Machine Learning Algorithm : decision tree - Part 9 of 12
Classification and Regression Tree(CART)
Classification and regression trees are machine-learning methods for constructing prediction models from data. The models are obtained by recursively partitioning the data space and fitting a simple prediction model within each partition. As a result, the partitioning can be represented graphically as a decision tree. Classification trees are designed for dependent variables that take a finite number of unordered values, with prediction error measured in terms of misclassification cost. Regression trees are for dependent variables that take continuous or ordered discrete values, with prediction error typically measured by the squared difference between the observed and predicted values.
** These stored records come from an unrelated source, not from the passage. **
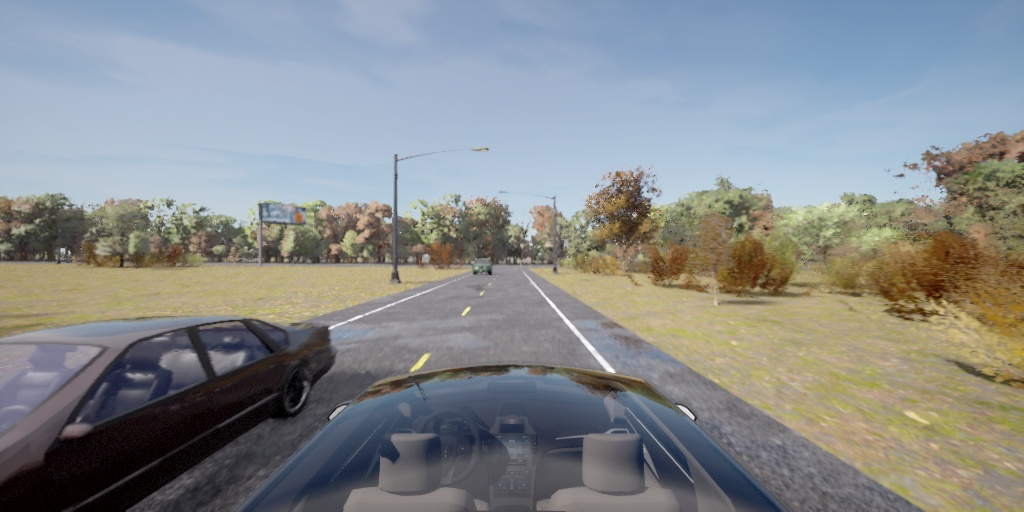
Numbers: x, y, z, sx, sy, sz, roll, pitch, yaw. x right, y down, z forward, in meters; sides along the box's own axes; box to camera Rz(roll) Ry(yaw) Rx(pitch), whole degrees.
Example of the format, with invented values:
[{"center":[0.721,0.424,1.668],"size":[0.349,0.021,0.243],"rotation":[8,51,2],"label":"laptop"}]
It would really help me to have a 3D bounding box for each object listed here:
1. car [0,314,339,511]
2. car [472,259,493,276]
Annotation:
[{"center":[-3.600,1.311,3.206],"size":[2.033,1.411,5.357],"rotation":[0,-1,0],"label":"car"},{"center":[-3.577,1.326,44.119],"size":[2.150,2.045,5.566],"rotation":[0,0,0],"label":"car"}]
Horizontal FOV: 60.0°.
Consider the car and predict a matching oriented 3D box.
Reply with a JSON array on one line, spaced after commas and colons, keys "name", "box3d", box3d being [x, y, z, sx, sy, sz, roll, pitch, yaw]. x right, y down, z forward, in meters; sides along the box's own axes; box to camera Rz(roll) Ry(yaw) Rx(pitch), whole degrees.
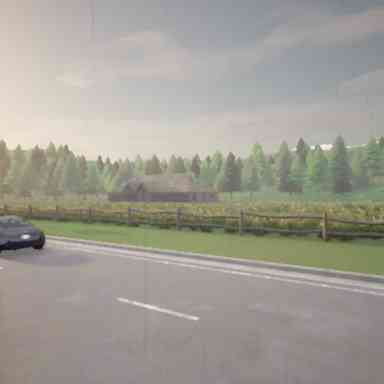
[{"name": "car", "box3d": [-7.983, 1.699, 13.882, 4.181, 1.385, 1.994, -1, 0, 36]}]
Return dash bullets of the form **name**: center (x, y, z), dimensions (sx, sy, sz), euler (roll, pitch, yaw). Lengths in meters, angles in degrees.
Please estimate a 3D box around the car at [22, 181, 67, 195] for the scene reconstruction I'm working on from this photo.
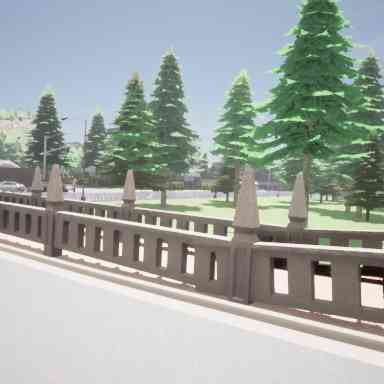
- **car**: center (-18.020, -0.568, 41.375), dimensions (2.097, 1.767, 4.553), euler (4, 3, 37)

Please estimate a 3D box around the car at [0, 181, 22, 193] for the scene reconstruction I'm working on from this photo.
- **car**: center (-22.934, -0.610, 40.728), dimensions (1.812, 1.442, 4.674), euler (4, 2, 37)
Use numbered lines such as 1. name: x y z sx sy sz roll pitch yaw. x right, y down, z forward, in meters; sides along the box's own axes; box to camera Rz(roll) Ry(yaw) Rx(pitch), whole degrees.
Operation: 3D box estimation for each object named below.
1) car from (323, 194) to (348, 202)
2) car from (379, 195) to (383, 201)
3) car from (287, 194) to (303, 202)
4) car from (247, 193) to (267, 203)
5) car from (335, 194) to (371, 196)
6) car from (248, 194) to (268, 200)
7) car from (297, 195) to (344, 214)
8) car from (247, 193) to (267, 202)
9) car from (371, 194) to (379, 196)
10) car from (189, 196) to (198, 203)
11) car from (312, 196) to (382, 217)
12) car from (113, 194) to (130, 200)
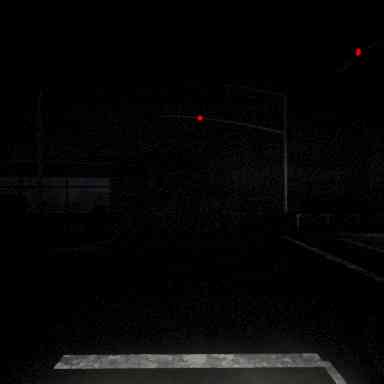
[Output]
1. car: 31.317 1.298 72.693 4.514 1.523 2.007 0 0 0
2. car: 38.723 1.153 62.638 5.027 1.636 2.152 0 0 0
3. car: 21.329 1.097 65.718 4.605 1.855 1.932 0 0 0
4. car: 12.850 1.361 65.652 3.806 1.475 1.970 0 0 0
5. car: 20.651 1.320 43.266 3.633 1.501 1.845 0 0 0
6. car: 18.134 1.333 91.607 4.902 1.511 2.128 0 0 0
7. car: 13.017 1.330 31.395 5.027 1.636 2.152 0 0 0
8. car: 13.450 1.077 68.978 3.866 1.878 1.905 0 0 0
9. car: 38.378 1.232 69.054 3.806 1.475 1.970 0 0 0
10. car: 0.273 1.547 69.680 2.033 1.411 5.357 0 0 0
11. car: 13.080 1.339 28.258 4.514 1.523 2.007 0 0 0
12. car: -19.401 1.332 91.583 4.674 1.442 1.812 0 0 0
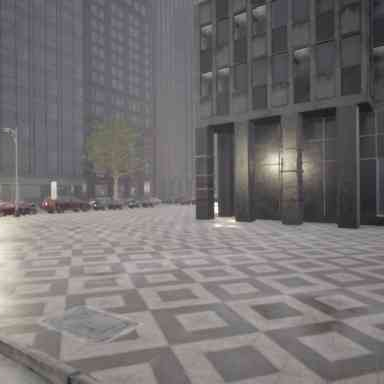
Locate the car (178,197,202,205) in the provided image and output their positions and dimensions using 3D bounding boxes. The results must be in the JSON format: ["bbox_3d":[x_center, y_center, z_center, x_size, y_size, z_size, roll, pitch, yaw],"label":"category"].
[{"bbox_3d":[-0.298,1.503,57.339,1.994,1.385,4.181,-1,0,34],"label":"car"}]

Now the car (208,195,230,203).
[{"bbox_3d":[5.374,1.414,65.559,2.128,1.511,4.902,-1,0,35],"label":"car"}]

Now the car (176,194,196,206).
[{"bbox_3d":[-0.104,1.460,53.108,1.887,1.381,4.507,-1,0,35],"label":"car"}]

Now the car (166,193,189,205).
[{"bbox_3d":[-2.491,1.191,59.632,2.150,2.045,5.566,-1,0,35],"label":"car"}]

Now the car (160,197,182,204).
[{"bbox_3d":[-3.906,1.571,62.599,1.947,1.339,4.313,-1,0,35],"label":"car"}]

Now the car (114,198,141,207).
[{"bbox_3d":[-10.319,1.609,53.320,1.802,1.307,4.206,-1,0,35],"label":"car"}]

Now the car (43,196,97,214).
[{"bbox_3d":[-12.929,1.288,34.555,2.192,1.841,5.009,-1,0,35],"label":"car"}]

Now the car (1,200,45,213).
[{"bbox_3d":[-19.938,1.639,39.403,1.947,1.339,4.313,-1,0,35],"label":"car"}]

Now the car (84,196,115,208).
[{"bbox_3d":[-13.527,1.481,48.681,1.967,1.590,4.097,-1,0,35],"label":"car"}]

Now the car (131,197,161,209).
[{"bbox_3d":[-6.516,1.506,43.830,1.947,1.339,4.313,-1,0,35],"label":"car"}]

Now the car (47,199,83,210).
[{"bbox_3d":[-16.731,1.639,44.042,1.802,1.307,4.206,-1,0,35],"label":"car"}]

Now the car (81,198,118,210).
[{"bbox_3d":[-12.512,1.540,45.291,1.812,1.442,4.674,-1,0,34],"label":"car"}]

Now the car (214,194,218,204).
[{"bbox_3d":[3.100,1.220,57.748,2.192,1.841,5.009,-1,0,35],"label":"car"}]

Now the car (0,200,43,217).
[{"bbox_3d":[-16.133,1.574,29.914,1.802,1.307,4.206,-1,0,35],"label":"car"}]

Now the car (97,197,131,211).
[{"bbox_3d":[-9.721,1.522,39.192,1.947,1.339,4.313,-1,0,35],"label":"car"}]

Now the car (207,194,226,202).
[{"bbox_3d":[5.711,1.293,76.518,2.192,1.841,5.009,-1,0,35],"label":"car"}]

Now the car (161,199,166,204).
[{"bbox_3d":[-7.210,1.541,57.819,1.752,1.417,4.829,-1,0,35],"label":"car"}]
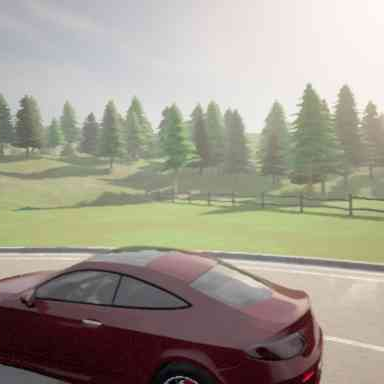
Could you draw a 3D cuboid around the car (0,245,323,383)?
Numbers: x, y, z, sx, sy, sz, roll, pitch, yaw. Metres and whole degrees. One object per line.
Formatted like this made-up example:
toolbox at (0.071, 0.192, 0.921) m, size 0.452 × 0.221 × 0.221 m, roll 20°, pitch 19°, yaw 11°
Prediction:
car at (-0.877, 1.434, 4.154) m, size 4.674 × 1.442 × 1.812 m, roll 0°, pitch 1°, yaw 24°
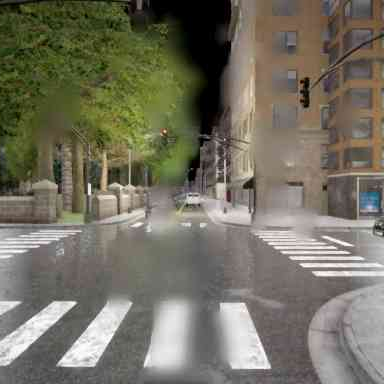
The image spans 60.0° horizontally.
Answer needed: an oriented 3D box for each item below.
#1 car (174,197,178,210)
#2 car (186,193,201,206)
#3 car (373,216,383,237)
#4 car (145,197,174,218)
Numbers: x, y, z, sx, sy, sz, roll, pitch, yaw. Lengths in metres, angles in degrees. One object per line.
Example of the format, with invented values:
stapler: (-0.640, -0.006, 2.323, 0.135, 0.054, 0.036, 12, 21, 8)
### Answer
car: (-3.019, 1.562, 39.797, 1.895, 1.301, 4.718, 0, 0, 0)
car: (0.208, 1.159, 53.005, 2.150, 2.045, 5.566, 0, 0, 0)
car: (10.999, 1.366, 15.485, 4.553, 1.767, 2.097, 0, 0, 0)
car: (-3.026, 1.472, 29.714, 2.128, 1.511, 4.902, 0, 0, 0)

For example, consider the widely referenced Iris data classification problem introduced by Fisher . The data file Irisdat reports the lengths and widths of sepals and petals of three types of irises (Setosa, Versicol, and Virginic). The purpose of the analysis is to learn how we can discriminate between the three types of flowers, based on the four measures of width and length of petals and sepals. Discriminant function analysis will estimate several linear combinations of predictor variables for computing classification scores (or probabilities) that allow the user to determine the predicted classification for each observation. A classification tree will determine a set of logical if-then conditions (instead of linear equations) for predicting or classifying cases instead:
The interpretation of this tree is straightforward: If the petal width is less than or equal to 0.8, the respective flower would be classified as Setosa; if the petal width is greater than 0.8 and less than or equal to 1.75, then the respective flower would be classified as Versicol; else, it belongs to class Virginic.